List all lines of the data that include the string "capacitance".

Stored data >>

■ ■ ■ ■ ■

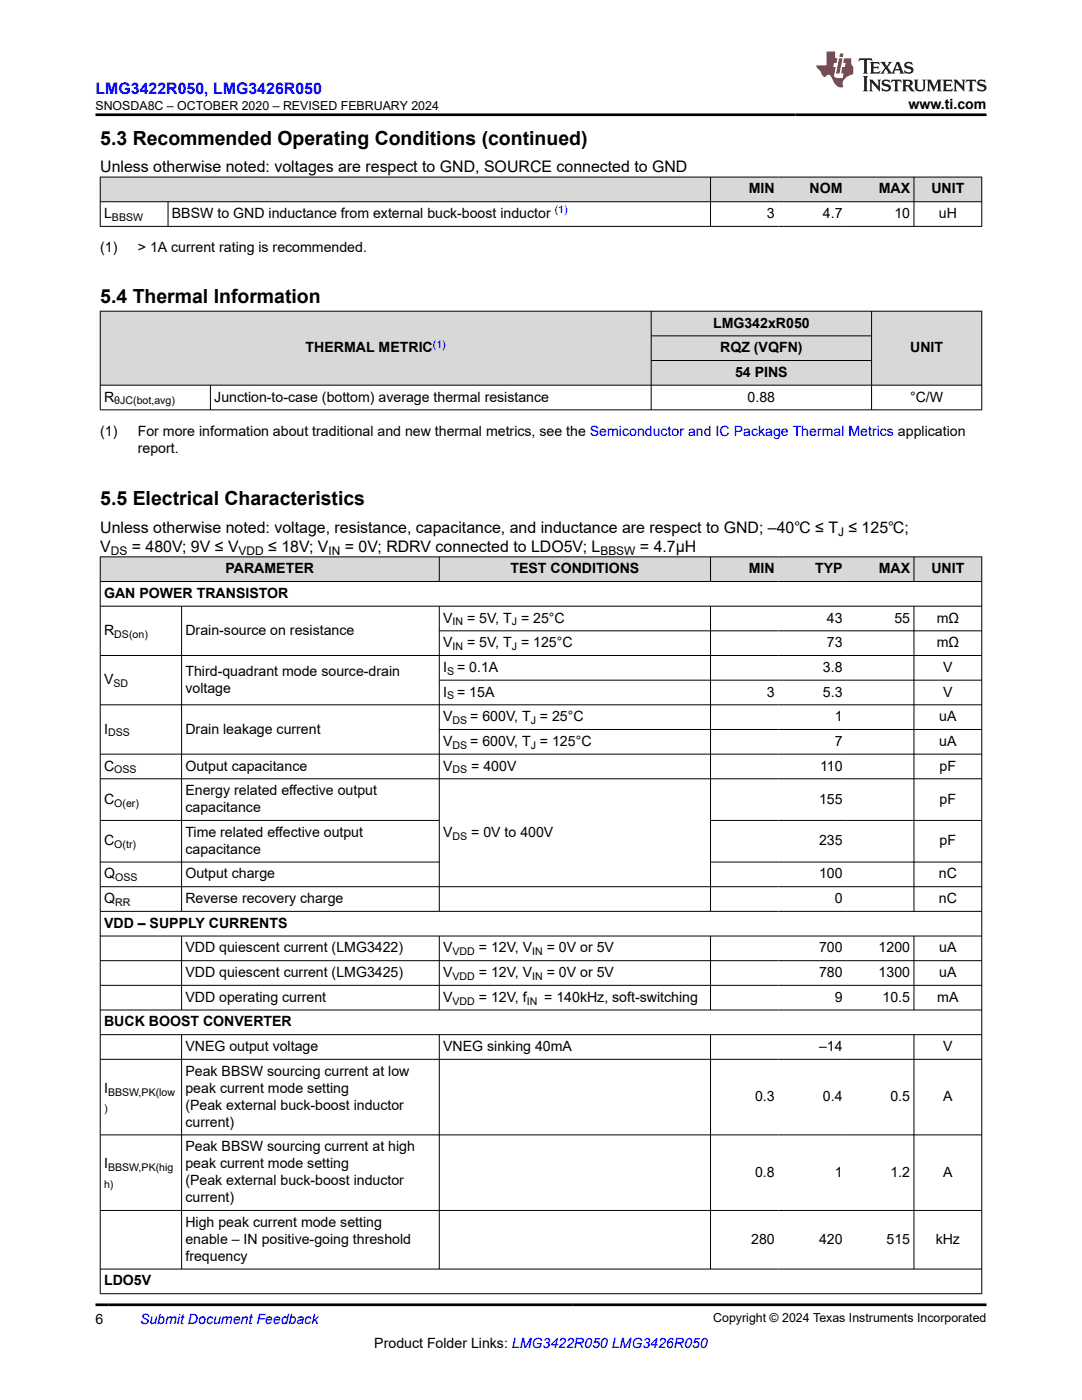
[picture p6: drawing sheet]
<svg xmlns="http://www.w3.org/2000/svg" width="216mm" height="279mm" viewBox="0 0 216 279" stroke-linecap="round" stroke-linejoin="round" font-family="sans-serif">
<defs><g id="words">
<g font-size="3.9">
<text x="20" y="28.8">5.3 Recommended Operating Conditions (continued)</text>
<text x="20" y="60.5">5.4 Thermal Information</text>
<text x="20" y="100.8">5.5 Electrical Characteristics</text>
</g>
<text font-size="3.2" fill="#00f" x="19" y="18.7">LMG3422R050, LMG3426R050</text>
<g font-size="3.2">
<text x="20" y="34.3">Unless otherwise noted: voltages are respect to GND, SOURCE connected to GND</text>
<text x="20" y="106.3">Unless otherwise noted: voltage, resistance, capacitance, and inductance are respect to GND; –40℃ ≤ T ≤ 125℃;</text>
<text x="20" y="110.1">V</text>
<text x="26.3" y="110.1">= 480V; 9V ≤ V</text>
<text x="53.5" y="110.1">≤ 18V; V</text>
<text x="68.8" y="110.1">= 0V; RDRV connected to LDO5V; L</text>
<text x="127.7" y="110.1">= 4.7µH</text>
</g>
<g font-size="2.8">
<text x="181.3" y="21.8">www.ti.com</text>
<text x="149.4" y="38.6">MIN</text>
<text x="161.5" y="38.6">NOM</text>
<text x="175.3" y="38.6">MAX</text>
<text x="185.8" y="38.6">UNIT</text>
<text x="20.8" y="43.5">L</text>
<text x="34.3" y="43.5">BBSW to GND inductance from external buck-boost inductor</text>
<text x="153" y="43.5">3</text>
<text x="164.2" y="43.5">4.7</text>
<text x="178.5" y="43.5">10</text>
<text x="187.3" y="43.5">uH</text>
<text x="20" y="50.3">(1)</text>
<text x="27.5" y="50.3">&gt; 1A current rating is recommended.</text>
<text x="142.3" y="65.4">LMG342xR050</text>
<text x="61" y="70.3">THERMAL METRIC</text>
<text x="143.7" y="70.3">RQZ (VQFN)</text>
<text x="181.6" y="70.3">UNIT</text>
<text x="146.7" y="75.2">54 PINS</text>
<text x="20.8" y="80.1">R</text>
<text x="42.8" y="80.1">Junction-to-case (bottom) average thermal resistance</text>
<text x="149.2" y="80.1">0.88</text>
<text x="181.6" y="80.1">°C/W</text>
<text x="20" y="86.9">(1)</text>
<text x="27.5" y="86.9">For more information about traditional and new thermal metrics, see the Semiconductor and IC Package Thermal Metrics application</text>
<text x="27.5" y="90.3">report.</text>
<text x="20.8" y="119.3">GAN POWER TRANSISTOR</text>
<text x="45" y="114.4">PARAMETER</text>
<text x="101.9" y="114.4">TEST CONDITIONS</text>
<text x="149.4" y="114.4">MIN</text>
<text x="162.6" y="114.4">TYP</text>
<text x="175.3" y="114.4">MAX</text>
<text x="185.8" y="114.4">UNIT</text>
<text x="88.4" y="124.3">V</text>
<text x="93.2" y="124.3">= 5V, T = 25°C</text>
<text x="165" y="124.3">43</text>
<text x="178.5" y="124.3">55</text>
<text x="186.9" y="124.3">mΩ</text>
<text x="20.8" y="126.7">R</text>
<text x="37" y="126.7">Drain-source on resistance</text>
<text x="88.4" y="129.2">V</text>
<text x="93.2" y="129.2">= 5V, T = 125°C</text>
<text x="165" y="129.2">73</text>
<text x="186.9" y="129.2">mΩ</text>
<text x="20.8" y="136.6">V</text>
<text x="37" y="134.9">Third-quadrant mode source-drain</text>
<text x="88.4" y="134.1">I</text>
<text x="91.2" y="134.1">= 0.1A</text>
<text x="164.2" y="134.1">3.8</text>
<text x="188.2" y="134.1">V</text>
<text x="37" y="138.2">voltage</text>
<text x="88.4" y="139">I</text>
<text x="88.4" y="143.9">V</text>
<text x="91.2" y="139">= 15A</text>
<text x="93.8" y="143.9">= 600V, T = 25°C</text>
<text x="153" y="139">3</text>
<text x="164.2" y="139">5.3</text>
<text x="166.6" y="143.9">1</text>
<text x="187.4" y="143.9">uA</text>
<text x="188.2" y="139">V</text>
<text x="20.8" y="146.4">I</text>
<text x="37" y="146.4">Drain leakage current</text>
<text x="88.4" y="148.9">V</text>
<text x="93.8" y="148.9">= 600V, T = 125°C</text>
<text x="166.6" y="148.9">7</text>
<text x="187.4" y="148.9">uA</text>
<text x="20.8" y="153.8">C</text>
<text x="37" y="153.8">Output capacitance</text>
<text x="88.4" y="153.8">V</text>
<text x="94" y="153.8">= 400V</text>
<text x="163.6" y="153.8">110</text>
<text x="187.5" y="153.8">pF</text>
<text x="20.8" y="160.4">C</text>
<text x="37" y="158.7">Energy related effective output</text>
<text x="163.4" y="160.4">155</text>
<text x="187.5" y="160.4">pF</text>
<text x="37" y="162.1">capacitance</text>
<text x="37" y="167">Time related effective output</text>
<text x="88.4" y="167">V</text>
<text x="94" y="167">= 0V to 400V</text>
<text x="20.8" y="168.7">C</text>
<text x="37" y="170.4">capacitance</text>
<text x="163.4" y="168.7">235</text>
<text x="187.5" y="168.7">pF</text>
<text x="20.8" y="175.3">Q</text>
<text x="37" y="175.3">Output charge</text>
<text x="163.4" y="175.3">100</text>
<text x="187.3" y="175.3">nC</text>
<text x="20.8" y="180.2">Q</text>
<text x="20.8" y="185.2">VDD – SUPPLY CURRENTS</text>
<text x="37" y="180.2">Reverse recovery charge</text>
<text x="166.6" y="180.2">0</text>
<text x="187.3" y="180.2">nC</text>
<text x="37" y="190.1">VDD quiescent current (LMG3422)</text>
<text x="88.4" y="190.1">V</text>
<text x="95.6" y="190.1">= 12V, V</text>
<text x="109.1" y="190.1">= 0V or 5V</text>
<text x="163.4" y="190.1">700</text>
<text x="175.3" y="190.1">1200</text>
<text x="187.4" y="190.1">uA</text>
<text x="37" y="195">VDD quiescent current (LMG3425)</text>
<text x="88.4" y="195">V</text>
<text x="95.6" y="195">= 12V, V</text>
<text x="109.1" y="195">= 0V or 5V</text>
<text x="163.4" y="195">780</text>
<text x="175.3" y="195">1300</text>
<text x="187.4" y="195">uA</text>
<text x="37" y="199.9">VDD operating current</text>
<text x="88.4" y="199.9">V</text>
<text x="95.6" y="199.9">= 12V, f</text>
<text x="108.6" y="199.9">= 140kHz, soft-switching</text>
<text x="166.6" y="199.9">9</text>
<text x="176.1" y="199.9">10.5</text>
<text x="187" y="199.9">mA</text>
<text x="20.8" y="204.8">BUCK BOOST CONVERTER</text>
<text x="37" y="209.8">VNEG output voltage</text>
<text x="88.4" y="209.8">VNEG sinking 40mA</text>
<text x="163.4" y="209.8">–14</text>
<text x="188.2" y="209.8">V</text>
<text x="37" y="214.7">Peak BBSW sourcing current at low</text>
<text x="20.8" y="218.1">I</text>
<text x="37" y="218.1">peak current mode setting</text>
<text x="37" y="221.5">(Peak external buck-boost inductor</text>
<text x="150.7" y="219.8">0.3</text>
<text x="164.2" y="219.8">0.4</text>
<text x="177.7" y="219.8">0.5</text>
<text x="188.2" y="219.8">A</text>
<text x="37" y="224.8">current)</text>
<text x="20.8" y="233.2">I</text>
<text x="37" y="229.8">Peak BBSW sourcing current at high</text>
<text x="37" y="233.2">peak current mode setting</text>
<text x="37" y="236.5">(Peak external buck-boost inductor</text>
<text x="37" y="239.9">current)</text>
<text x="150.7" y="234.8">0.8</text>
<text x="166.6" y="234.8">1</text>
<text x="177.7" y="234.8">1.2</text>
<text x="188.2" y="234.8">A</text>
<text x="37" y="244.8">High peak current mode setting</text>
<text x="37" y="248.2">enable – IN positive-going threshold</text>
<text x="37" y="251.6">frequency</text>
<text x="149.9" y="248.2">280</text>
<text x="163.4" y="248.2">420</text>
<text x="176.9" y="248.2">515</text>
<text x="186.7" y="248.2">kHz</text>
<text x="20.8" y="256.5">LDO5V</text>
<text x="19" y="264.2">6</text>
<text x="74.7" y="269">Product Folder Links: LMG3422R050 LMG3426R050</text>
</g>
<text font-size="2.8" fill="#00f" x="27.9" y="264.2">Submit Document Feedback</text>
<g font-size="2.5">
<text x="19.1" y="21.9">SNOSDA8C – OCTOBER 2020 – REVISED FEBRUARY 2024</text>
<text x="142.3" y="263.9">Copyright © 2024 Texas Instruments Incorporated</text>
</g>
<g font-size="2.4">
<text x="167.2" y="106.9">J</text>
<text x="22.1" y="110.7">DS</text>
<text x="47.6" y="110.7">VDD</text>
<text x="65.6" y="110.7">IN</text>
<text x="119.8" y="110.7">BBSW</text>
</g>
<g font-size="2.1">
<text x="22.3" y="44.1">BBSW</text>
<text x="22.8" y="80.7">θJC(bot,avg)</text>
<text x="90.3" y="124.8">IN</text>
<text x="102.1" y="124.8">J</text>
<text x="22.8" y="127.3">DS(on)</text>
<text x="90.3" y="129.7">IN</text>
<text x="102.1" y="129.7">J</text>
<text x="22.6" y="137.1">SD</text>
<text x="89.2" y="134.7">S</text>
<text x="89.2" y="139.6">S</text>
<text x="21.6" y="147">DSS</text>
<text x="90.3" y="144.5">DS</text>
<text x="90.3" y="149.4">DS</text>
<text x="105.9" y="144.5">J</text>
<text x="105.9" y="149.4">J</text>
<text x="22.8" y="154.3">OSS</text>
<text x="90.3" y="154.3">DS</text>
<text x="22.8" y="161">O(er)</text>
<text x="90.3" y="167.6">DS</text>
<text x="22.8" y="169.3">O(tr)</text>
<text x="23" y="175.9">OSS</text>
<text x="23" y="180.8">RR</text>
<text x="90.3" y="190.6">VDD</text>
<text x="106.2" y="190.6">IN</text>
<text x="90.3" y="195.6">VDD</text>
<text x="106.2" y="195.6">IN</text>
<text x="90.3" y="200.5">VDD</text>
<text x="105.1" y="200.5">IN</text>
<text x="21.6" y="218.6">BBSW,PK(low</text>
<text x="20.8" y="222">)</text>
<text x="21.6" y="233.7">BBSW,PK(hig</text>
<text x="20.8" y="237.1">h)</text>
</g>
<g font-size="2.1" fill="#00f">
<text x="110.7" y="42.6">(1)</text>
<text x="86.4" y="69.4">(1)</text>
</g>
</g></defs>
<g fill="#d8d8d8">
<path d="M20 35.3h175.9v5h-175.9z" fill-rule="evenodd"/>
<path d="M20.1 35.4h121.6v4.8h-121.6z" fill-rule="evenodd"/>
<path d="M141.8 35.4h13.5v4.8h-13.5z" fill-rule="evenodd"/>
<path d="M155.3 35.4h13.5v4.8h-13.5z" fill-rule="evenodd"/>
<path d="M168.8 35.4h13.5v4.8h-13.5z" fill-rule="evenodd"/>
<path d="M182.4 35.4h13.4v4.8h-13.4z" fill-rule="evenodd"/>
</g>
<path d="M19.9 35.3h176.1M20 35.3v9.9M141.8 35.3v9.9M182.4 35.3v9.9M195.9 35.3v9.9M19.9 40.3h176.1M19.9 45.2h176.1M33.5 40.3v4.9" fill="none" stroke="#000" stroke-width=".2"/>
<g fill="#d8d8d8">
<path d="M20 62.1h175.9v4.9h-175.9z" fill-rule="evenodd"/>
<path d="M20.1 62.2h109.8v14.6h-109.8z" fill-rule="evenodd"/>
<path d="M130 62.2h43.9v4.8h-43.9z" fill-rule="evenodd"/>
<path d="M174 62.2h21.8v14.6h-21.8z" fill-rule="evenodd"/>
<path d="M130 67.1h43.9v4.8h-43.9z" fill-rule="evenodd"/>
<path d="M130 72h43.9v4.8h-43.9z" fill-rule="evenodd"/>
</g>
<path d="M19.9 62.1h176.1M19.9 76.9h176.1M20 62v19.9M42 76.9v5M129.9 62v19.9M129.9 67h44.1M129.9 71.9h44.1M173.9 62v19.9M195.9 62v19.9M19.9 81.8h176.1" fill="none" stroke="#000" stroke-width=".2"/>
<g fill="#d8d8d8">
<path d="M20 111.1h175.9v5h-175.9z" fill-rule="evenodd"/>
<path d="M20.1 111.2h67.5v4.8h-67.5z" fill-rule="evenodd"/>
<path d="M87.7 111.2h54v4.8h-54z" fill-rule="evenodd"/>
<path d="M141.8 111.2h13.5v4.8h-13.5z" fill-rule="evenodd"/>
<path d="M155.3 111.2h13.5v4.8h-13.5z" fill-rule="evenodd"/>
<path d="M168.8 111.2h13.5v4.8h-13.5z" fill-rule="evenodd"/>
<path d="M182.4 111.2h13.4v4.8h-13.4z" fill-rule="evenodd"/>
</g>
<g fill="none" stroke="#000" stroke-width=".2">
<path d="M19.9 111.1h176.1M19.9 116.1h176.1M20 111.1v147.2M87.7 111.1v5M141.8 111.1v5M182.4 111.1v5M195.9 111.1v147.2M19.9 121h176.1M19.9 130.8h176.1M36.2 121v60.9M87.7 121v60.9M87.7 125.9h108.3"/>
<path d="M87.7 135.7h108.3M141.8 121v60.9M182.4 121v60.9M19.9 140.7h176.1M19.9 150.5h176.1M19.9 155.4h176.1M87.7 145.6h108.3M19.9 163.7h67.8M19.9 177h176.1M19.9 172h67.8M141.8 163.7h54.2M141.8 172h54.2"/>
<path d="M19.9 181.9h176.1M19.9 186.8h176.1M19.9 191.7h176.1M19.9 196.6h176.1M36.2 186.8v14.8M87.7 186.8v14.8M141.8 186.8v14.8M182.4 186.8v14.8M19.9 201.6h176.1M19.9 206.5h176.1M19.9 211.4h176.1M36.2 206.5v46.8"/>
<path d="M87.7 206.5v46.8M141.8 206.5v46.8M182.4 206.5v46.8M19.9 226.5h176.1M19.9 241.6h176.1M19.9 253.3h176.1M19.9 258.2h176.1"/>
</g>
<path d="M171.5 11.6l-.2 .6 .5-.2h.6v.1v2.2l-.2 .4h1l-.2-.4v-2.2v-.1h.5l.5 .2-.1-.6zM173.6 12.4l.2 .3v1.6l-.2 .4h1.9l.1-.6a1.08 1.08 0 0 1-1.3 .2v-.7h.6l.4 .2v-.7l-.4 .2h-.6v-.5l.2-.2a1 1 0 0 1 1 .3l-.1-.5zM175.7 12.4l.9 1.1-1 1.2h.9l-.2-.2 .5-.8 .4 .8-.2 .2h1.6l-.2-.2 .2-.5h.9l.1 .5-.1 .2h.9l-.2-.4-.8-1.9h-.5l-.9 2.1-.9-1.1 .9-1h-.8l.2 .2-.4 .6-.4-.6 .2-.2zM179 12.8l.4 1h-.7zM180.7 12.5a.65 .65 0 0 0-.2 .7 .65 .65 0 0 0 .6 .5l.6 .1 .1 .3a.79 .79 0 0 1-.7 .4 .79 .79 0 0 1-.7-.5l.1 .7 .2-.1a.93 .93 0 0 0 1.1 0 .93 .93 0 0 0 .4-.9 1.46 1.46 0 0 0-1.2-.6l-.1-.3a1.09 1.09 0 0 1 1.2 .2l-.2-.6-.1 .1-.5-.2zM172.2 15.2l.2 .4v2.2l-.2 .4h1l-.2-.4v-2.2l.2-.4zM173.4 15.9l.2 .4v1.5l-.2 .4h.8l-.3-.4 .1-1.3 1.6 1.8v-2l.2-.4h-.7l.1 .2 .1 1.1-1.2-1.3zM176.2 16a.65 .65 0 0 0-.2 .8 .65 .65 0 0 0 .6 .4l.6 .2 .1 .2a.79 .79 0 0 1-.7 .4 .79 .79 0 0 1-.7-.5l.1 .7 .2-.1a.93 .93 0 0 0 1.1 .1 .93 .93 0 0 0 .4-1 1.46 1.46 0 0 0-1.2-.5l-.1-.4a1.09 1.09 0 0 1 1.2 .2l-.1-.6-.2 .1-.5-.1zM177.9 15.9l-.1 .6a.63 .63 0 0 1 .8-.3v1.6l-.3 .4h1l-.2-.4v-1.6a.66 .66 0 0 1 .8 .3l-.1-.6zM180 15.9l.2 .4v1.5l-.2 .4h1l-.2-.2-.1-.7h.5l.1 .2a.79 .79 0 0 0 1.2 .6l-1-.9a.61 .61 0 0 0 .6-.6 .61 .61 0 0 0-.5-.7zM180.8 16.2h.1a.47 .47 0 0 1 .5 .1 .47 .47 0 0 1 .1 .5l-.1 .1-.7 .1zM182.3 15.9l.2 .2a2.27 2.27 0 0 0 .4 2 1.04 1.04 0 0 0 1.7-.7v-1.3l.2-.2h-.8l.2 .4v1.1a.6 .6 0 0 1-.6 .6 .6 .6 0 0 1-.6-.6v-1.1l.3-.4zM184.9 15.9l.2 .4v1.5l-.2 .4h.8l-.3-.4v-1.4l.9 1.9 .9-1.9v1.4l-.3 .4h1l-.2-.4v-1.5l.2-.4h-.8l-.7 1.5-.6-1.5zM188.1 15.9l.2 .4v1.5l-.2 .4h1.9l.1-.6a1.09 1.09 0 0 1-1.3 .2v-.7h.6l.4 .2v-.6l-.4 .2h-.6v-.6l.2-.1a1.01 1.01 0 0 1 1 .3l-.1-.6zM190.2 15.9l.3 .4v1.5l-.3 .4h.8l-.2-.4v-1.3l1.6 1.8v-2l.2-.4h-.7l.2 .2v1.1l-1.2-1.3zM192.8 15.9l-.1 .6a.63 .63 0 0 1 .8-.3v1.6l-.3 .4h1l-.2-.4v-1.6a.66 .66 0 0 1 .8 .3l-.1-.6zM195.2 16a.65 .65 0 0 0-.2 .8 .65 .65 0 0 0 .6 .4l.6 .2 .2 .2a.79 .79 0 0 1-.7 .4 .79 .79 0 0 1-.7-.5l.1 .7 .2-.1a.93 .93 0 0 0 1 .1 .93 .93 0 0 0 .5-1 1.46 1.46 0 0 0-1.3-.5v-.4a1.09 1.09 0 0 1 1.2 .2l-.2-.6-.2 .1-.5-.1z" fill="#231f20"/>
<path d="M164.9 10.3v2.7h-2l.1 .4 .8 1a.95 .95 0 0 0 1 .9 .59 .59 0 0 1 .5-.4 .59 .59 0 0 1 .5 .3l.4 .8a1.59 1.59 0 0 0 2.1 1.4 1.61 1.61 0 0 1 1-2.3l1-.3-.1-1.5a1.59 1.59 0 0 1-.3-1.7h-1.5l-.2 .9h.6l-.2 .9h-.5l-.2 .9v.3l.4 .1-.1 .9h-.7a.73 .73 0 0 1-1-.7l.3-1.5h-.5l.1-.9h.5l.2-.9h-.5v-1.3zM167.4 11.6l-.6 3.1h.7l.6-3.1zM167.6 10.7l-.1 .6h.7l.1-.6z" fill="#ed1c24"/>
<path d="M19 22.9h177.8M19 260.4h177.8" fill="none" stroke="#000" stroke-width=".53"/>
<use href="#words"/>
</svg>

■ ■ ■ ■ ■

Exercise answer >>
<text x="20" y="106.3">Unless otherwise noted: voltage, resistance, capacitance, and inductance are respect to GND; –40℃ ≤ T ≤ 125℃;</text>
<text x="37" y="153.8">Output capacitance</text>
<text x="37" y="162.1">capacitance</text>
<text x="37" y="170.4">capacitance</text>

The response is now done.